Above: Euro-to-Dollar rate shown at 4-hour intervals.
“Foreigners are long of longer-dated euro-denominated assets, mostly (but not all) hedged on a shorter term basis. By contrast, for European (or Japanese) investors, the flat US curve means that, say, hedging a 10year treasury with a 1-year FX forward eats up all the yield advantage of buying Treasuries in the first place,” says Kit Juckes, chief FX strategist at Societe Generale. “The dollar remains underpinned, the euro languishes, and the market's focus remains on US/Chinese trade talks, the slowing Chinese economy, political uncertainty in Latin American (linked to slower Chinese growth at some point), the next Riksbank meeting and UK elections."
Investors had traditionally sold Dollars simultaneously alongside their U.S. bond purchases, to protect themselves against weakness in the greenback, but the Fed’s 1.75% interest rate now discourages them from doing that and is lending support to the greenback. Meanwhile, investors are selling Euros when buying continental assets in order to protect themselves against further declines. That 'hedging' practice is itself helping to keep the Euro under pressure.
“One potential trigger which could encourage further euro selling at the start of next week is more investor concern over political instability in Germany,” says Lee Hardman, a currency analyst at MUFG. “The SPD are currently polling neck and neck with the right-wing AfD party on around 14-15%....They continue to lose support remaining part of the coalition government, but they would lose power and risk losing seats if they withdraw from the government and it eventually results in an early election.”

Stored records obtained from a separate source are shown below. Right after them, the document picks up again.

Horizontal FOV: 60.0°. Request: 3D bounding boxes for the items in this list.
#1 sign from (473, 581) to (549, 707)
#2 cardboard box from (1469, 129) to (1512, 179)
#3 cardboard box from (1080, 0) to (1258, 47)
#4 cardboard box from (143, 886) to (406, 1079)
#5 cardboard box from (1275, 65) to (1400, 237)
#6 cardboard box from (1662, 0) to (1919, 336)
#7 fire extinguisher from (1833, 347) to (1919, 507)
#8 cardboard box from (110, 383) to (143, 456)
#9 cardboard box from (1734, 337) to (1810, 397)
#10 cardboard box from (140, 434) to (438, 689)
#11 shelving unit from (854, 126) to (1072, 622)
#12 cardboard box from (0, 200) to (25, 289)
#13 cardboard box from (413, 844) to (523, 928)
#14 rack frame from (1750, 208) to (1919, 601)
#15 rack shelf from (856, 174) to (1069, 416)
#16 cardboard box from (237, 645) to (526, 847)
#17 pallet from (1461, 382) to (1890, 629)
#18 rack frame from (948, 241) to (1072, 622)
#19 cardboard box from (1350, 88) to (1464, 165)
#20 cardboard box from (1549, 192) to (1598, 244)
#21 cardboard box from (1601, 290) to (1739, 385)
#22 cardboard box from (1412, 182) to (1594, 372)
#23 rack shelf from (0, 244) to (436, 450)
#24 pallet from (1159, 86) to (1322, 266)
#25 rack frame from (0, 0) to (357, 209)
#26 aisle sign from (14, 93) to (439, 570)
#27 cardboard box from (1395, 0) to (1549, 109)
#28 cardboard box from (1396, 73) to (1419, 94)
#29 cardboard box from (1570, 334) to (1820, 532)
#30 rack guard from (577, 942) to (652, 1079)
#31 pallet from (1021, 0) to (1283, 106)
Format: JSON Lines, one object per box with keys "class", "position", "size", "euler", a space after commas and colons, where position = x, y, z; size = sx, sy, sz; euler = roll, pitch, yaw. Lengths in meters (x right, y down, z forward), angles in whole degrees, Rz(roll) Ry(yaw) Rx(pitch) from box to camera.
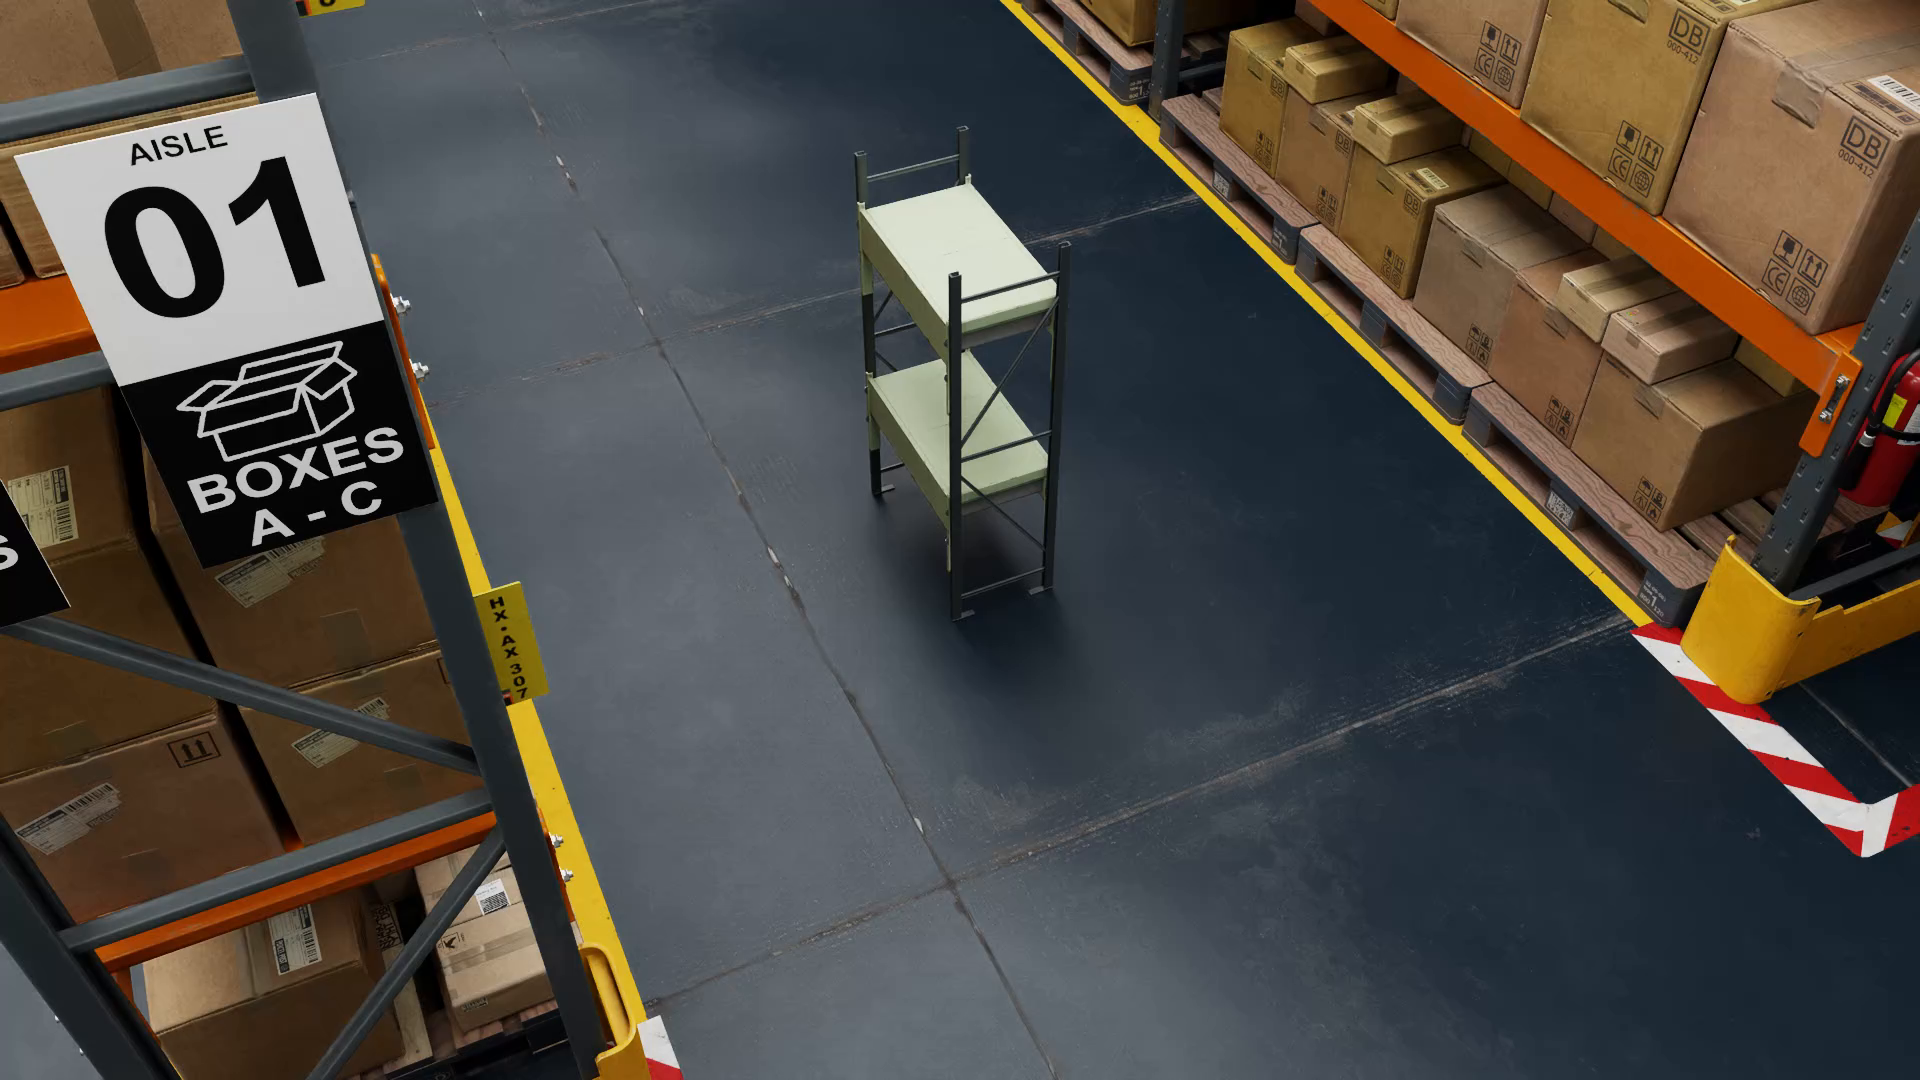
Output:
{"class": "sign", "position": [-0.888, 0.210, 3.285], "size": [0.100, 0.325, 0.005], "euler": [-18, 47, -17]}
{"class": "cardboard box", "position": [2.321, -1.642, 6.797], "size": [0.380, 0.149, 0.250], "euler": [-19, 48, -18]}
{"class": "cardboard box", "position": [1.039, -3.096, 8.483], "size": [0.750, 0.750, 0.750], "euler": [-18, 47, -17]}
{"class": "cardboard box", "position": [-1.832, 1.138, 4.427], "size": [0.500, 0.500, 0.500], "euler": [-18, 47, -17]}
{"class": "cardboard box", "position": [1.860, -1.767, 7.386], "size": [0.700, 0.500, 0.500], "euler": [-18, 48, -18]}
{"class": "cardboard box", "position": [2.889, -1.215, 5.133], "size": [0.980, 0.700, 0.700], "euler": [-16, 47, -16]}
{"class": "fire extinguisher", "position": [2.757, -0.394, 4.834], "size": [0.296, 0.674, 0.183], "euler": [-18, 47, -17]}
{"class": "cardboard box", "position": [-2.030, -0.237, 3.571], "size": [0.500, 0.500, 0.500], "euler": [-17, 47, -16]}
{"class": "cardboard box", "position": [2.962, -0.673, 5.815], "size": [0.380, 0.149, 0.250], "euler": [-18, 47, -17]}
{"class": "cardboard box", "position": [-1.328, -0.073, 3.406], "size": [0.500, 0.500, 0.500], "euler": [-17, 47, -16]}
{"class": "shelving unit", "position": [-0.003, -0.538, 5.728], "size": [0.431, 1.500, 0.755], "euler": [-18, 47, -17]}
{"class": "cardboard box", "position": [-1.836, -0.585, 2.679], "size": [0.500, 0.250, 0.500], "euler": [-18, 47, -17]}
{"class": "cardboard box", "position": [-1.350, 1.003, 4.802], "size": [0.380, 0.166, 0.250], "euler": [-18, 47, -17]}
{"class": "rack frame", "position": [3.113, -0.787, 4.912], "size": [1.000, 3.000, 0.127], "euler": [-18, 47, -17]}
{"class": "rack shelf", "position": [-0.003, -0.816, 5.453], "size": [0.431, 0.370, 0.720], "euler": [-18, 47, -17]}
{"class": "cardboard box", "position": [-1.328, 0.282, 3.757], "size": [0.500, 0.500, 0.500], "euler": [-17, 47, -17]}
{"class": "pallet", "position": [2.705, -0.280, 6.384], "size": [1.003, 0.211, 1.213], "euler": [-18, 47, -17]}
{"class": "rack frame", "position": [0.151, -0.305, 5.491], "size": [0.400, 1.500, 0.023], "euler": [-18, 47, -17]}
{"class": "cardboard box", "position": [1.850, -1.715, 6.871], "size": [0.380, 0.149, 0.250], "euler": [-19, 48, -19]}
{"class": "cardboard box", "position": [2.535, -1.317, 6.468], "size": [0.380, 0.149, 0.250], "euler": [-17, 47, -17]}
{"class": "cardboard box", "position": [2.508, -0.722, 5.865], "size": [0.380, 0.149, 0.250], "euler": [-19, 48, -18]}
{"class": "cardboard box", "position": [2.305, -1.102, 6.712], "size": [0.700, 0.500, 0.500], "euler": [-19, 48, -19]}
{"class": "rack shelf", "position": [-2.221, -1.407, 3.917], "size": [1.077, 0.370, 4.000], "euler": [-18, 47, -17]}
{"class": "pallet", "position": [1.679, -1.835, 7.960], "size": [1.003, 0.211, 1.213], "euler": [-18, 47, -17]}
{"class": "rack frame", "position": [-1.380, -1.457, 1.319], "size": [1.000, 3.000, 0.127], "euler": [-18, 47, -17]}
{"class": "aisle sign", "position": [-1.085, -0.290, 2.557], "size": [0.394, 0.787, 0.004], "euler": [-18, 47, -17]}
{"class": "cardboard box", "position": [2.261, -2.164, 6.094], "size": [0.980, 0.700, 0.700], "euler": [-20, 48, -19]}
{"class": "cardboard box", "position": [2.106, -1.968, 7.127], "size": [0.380, 0.149, 0.250], "euler": [-19, 48, -19]}
{"class": "cardboard box", "position": [2.727, -0.463, 6.064], "size": [0.700, 0.500, 0.500], "euler": [-18, 47, -17]}
{"class": "rack guard", "position": [-1.412, 1.520, 4.354], "size": [1.175, 0.500, 0.348], "euler": [-18, 47, -17]}
{"class": "pallet", "position": [1.038, -2.813, 8.950], "size": [1.003, 0.211, 1.213], "euler": [-18, 47, -17]}

Friday’s inflation figures come as markets await the outcome of the Social Democratic Party (SDP) leadership election in Germany, which will be important in determining whether Chancellor Angela Merkel’s coalition can continue to govern. The Klara Geywitz and Olaf Scholz leadership duo prefer the status quo of the current coalition while the Saskia Esken and Norbert Walter-Borjans duo want radical reform of current arrangements.
Above: Euro-to-Dollar rate shown at daily intervals.

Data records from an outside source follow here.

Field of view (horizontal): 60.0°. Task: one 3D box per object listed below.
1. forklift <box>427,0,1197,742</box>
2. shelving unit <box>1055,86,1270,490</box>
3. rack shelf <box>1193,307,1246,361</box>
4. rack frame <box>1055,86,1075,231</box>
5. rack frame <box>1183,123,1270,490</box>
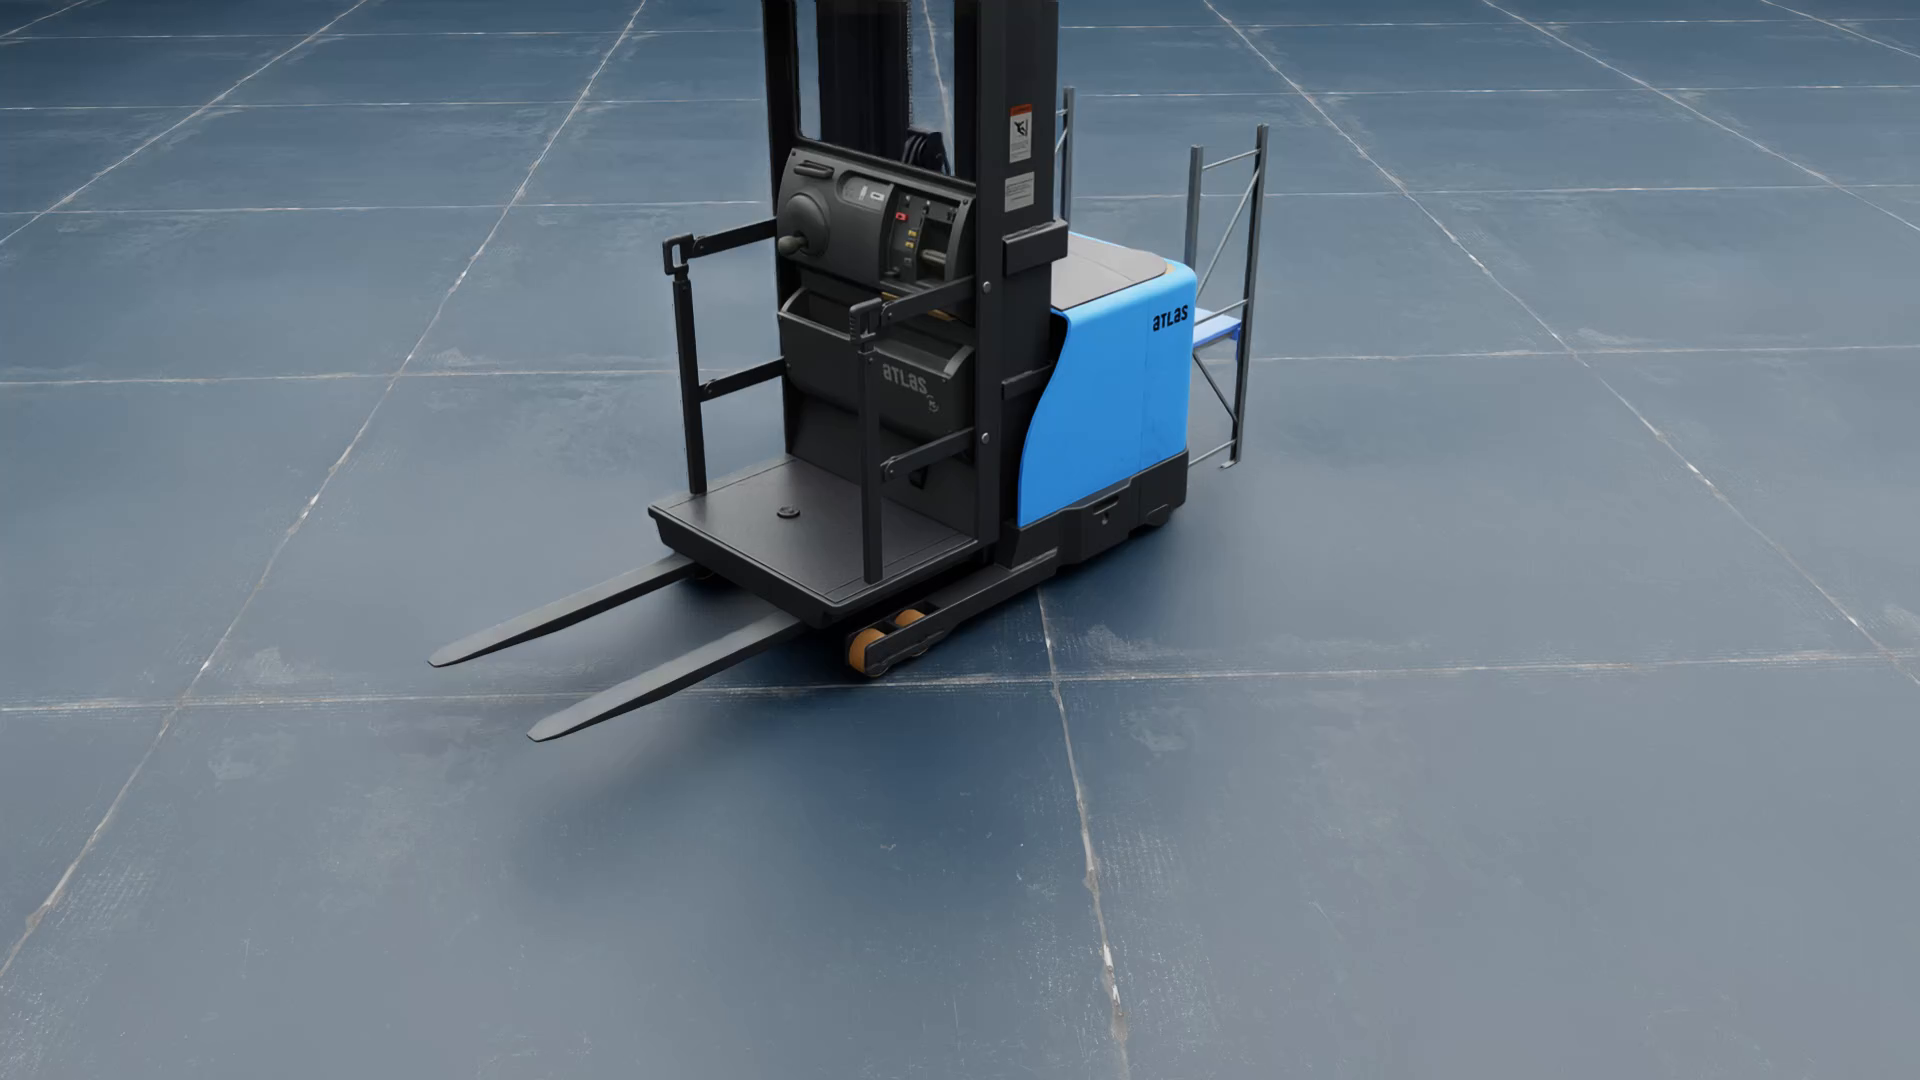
[{"bbox_3d":[-0.459,-1.088,5.668,3.031,2.935,1.130,-25,36,-39],"label":"forklift"},{"bbox_3d":[0.700,-1.097,7.232,1.048,1.500,0.538,23,35,37],"label":"shelving unit"},{"bbox_3d":[0.700,-0.938,7.315,1.000,0.185,0.538,23,35,37],"label":"rack shelf"},{"bbox_3d":[0.327,-1.257,7.538,0.032,1.500,0.500,23,35,37],"label":"rack frame"},{"bbox_3d":[1.073,-0.938,6.926,0.032,1.500,0.500,23,35,37],"label":"rack frame"}]

Victory for the latter might see markets fear fresh political instability in Europe’s largest economy, which narrowly dodged a technical recession last quarter. Such an outcome might not be welcomed by the Euro next week, which will also bring a U.S. response to France’s controversial digital services tax (DST).
The Office of the U.S. Trade Representative said this week it will publish on Tuesday, its assessment of the French DST alongside notice of any retaliatory actions to be taken. The White House has previously threatened to impose trade tariffs on imports of goods from Europe in response to the French levy, which the U.S. suggests is in defiance of agreements on dual taxation. It's just the latest in a long line of U.S.-EU trade differences, although an all-out tit-for-tat tariff fight has so-far been avoided.
“The euro continues to trade heavy with EUR/USD testing support at the 1.1000-level for the second time this month. The current low level of volatility and improvement in global investor risk sentiment has created a less favourable environment for low yielding funding currencies such as the euro. One-week implied EUR/USD volatility has fallen to a new record low. Our carry attractiveness index is sending a clear signal that EUR/USD could break below the 1.1000-level,” MUFG's Hardman says.
The Euro spiked briefly in response to Friday's inflation figures but succumbed to fresh selling pressures soon after and has since dipped below the key 1.10 support level.